**Assignment:**
After locating the line with "Camera HFOV: 67.6 deg." in the data that follows, return it and every later line exactly, up to and including the line with "What's the 3D".

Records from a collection
######

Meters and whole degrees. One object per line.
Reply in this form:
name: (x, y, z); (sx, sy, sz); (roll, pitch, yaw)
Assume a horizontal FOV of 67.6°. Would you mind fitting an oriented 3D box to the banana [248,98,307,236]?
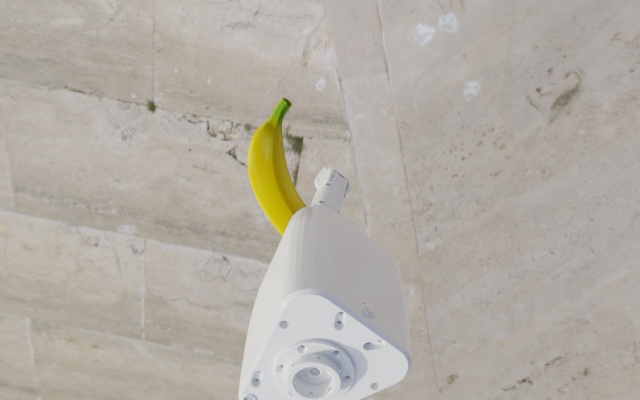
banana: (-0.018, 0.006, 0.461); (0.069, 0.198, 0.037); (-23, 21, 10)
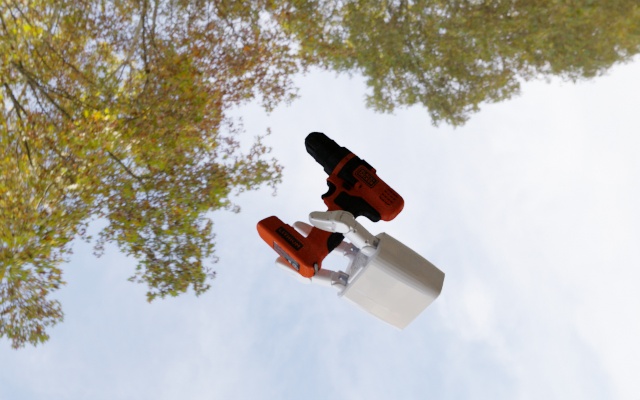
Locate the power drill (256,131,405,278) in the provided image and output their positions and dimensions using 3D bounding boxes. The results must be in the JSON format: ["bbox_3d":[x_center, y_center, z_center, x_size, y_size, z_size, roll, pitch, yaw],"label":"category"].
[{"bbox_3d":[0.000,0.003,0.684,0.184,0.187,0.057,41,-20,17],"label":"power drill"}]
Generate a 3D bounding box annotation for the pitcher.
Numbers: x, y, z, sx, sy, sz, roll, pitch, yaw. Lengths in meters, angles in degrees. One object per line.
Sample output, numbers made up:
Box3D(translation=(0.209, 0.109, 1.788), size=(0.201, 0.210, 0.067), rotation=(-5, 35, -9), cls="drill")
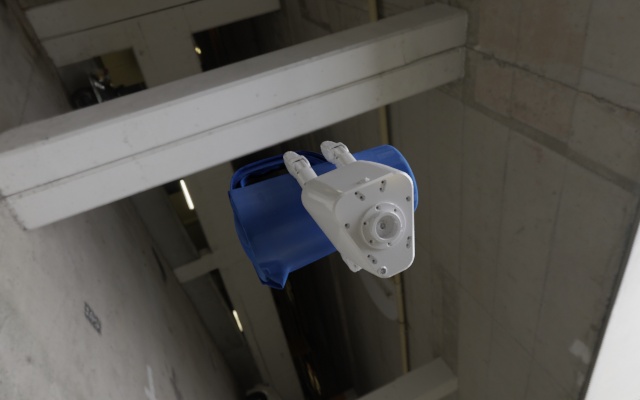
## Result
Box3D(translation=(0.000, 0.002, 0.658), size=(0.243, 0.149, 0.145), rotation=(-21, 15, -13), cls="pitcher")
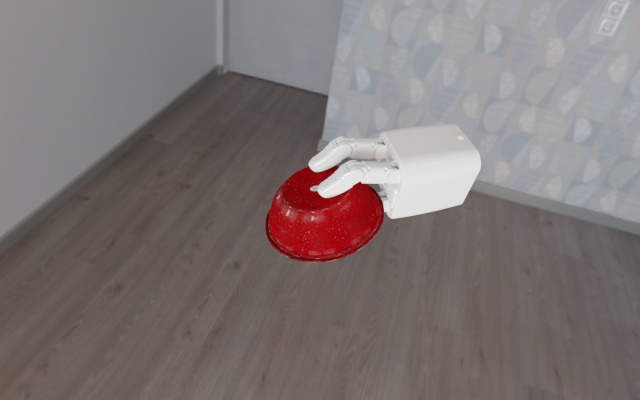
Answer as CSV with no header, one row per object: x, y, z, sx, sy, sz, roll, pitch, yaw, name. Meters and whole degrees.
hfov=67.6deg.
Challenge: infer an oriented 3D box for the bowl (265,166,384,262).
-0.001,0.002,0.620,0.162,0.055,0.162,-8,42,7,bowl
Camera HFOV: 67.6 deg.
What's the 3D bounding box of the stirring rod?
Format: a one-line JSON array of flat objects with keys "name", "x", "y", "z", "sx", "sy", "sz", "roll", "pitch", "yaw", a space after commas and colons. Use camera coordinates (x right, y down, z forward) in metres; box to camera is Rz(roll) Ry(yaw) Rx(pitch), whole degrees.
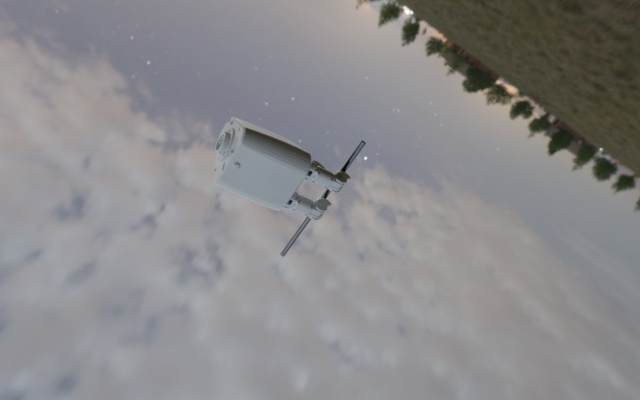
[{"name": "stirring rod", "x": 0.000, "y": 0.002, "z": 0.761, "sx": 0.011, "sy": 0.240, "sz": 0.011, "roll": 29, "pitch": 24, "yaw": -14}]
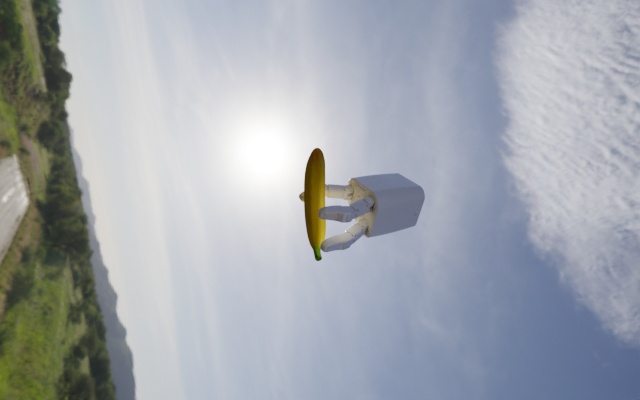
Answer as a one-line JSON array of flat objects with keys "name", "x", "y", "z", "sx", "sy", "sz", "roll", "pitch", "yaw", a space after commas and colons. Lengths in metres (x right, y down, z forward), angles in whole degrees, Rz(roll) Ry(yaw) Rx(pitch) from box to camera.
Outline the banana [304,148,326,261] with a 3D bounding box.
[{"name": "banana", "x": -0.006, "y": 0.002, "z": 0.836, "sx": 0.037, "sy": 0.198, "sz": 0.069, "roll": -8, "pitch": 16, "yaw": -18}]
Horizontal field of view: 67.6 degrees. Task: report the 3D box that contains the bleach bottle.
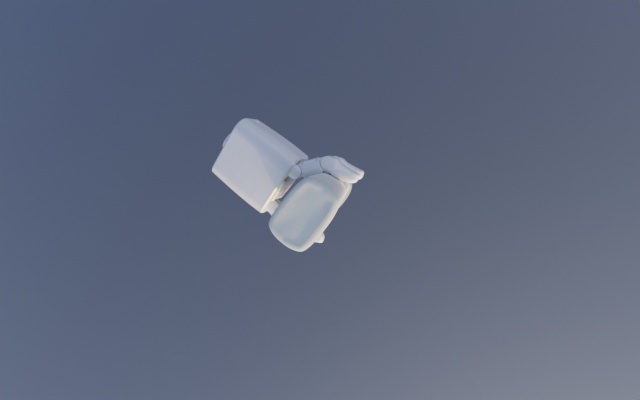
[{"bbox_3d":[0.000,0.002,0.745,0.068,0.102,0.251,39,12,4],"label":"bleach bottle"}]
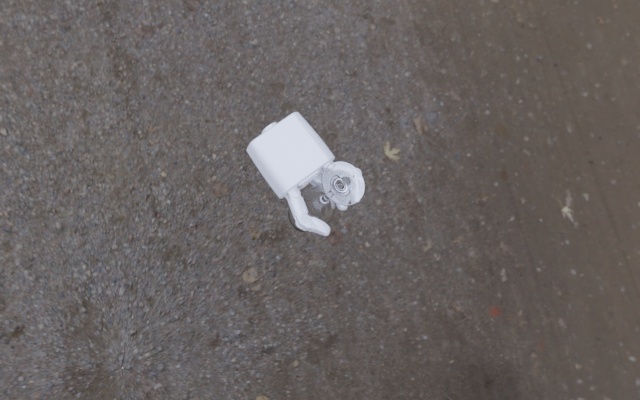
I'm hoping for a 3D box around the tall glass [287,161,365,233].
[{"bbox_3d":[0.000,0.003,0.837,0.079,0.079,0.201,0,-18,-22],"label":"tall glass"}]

######

**Response box:**
Camera HFOV: 67.6 deg.
What's the 3D bounding box of the stirring rod?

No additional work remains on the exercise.